One sector of the dining experience that cannot be ignored is that of Irish Drink, around which an entire social milieu has been concocted. Most famous for Guinness, Ireland has a bevy of microbreweries that produce pale wheat ales, robust porters, and stout lagers. Hard ciders are another drink developed within the monastic tradition, and have expanded from simple apple ciders to flavors like pear and berry. Whiskey is produced with similar gusto, although most of the malts fall into one of two teams: Jameson or Busch Mills. (A barfly’s choice between them automatically aligns him with the Catholics or the Protestants of Ireland, unbeknownst to him and often regardless of his personal religious preferences.) Irish cream liqueur cocktails like the Irish Flag Shot are a tasty and cheerful means of celebrating Irish heritage. The Irish Flag is composed of crème de menthe, Bailey’s Irish Cream and brandy, layered in an attractive green-white-orange representation of the national flag. Gaelic (or Irish) coffee is a standard in pubs across the country: made with strong black coffee, whiskey, sugar and chilled whipped cream, this is a perfectly sweet-and-stout drink to end the evening.

Guinness is definitely the star of the Irish pub. The pouring process is complex and takes a few minutes to come to completion. The beer must be poured twice, with ample time in between pourings to allow the body to swirl and the head to form. Variations of the typical pint have developed, like the Blackcurrant Guinness (beer plus blackcurrant juice) and the Black Velvet (beer plus champagne). Yet, nowhere in the U.S. does Guinness taste the same as when poured fresh from the tap, only a few hours away from its original birthplace.
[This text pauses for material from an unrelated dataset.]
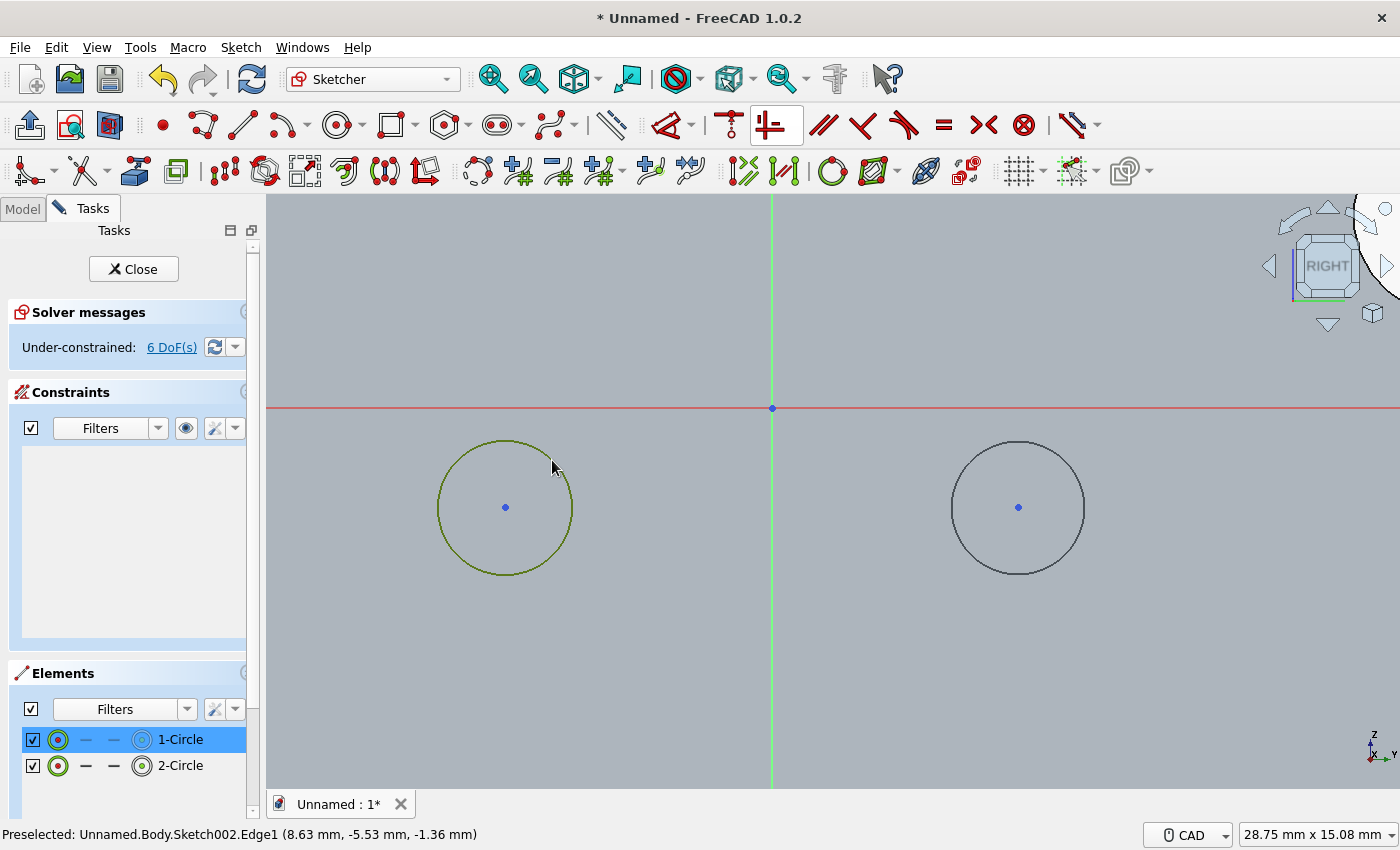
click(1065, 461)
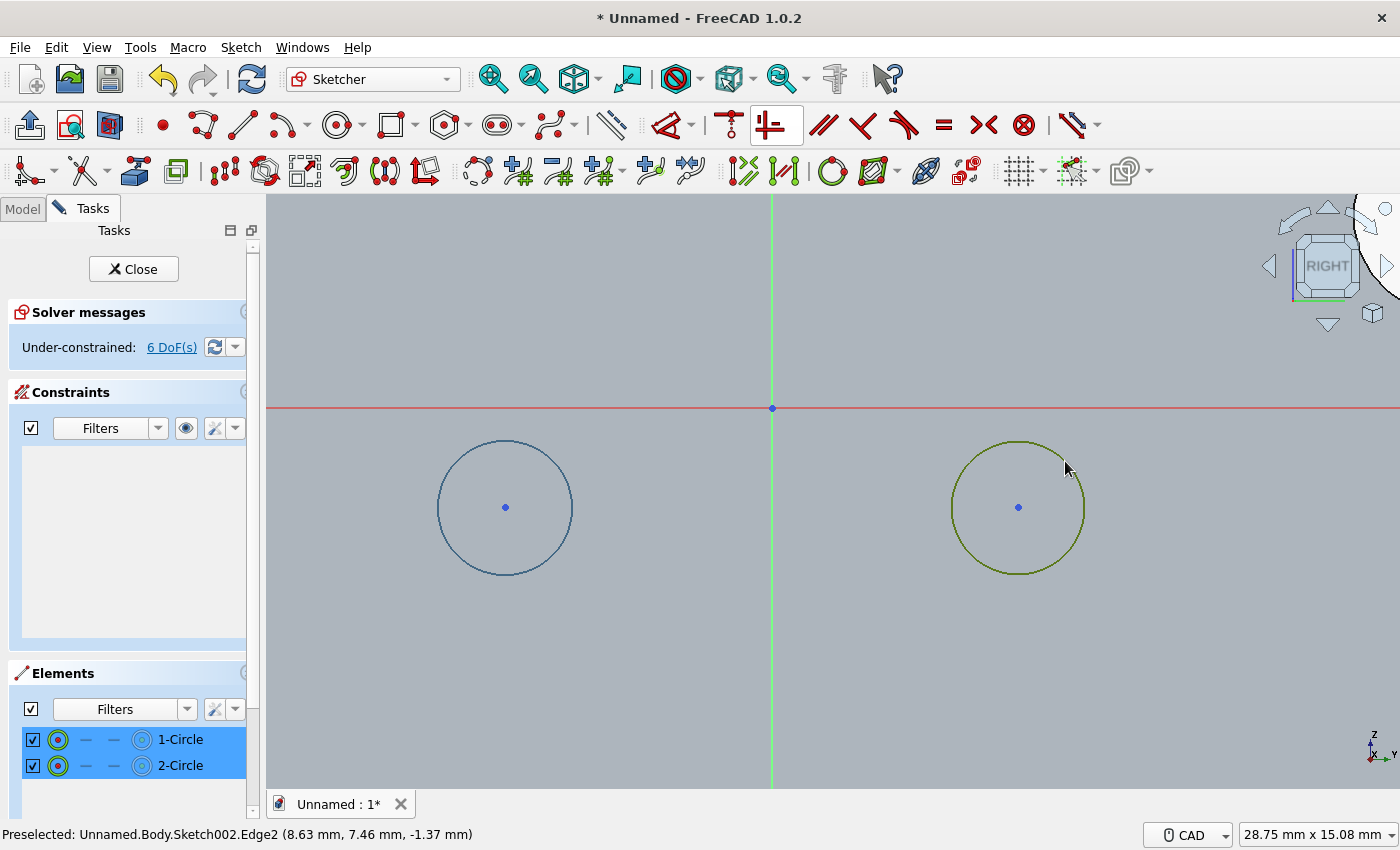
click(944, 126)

If Ireland could be summed up by one particular taste, one single dish or drink, a full Irish breakfast would be what would best encompass the diversity of the Irish epicurean experience. Not for the faint of heart, the Irish breakfast consists of poached eggs, rashers (thick strips of dry-cured bacon), grilled tomatoes, sausages, black pudding (blood sausage) and potato cakes. Alongside that protein-packed plate is usually a spread of toast and jam, tea, porridge with cream and brown sugar, scones and pastries, fresh fruit and yogurt with muesli. It is daunting. It is intense. It is diverse but, by faith, it is absolutely scrumptious.